| Task to carry out |
Your output is to hold only the lines from the one showing "12) van [0,181,19,191]" through the end of the listing, exactly, with every picture excluded.

· · · · · · ·

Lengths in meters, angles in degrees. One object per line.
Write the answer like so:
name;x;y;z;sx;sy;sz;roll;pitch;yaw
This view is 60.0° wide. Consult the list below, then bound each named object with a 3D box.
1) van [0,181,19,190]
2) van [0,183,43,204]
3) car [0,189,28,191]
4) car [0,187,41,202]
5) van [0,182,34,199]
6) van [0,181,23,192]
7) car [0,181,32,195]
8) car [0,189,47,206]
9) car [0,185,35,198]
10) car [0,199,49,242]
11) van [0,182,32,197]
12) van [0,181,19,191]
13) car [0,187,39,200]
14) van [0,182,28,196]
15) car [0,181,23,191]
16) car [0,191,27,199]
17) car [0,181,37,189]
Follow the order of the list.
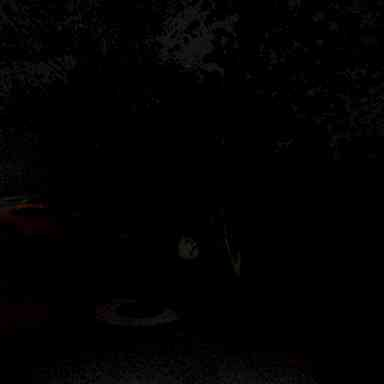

· · · · · · ·

| Task solution |
12) van [0,181,19,191]
13) car [0,187,39,200]
14) van [0,182,28,196]
15) car [0,181,23,191]
16) car [0,191,27,199]
17) car [0,181,37,189]
Follow the order of the list.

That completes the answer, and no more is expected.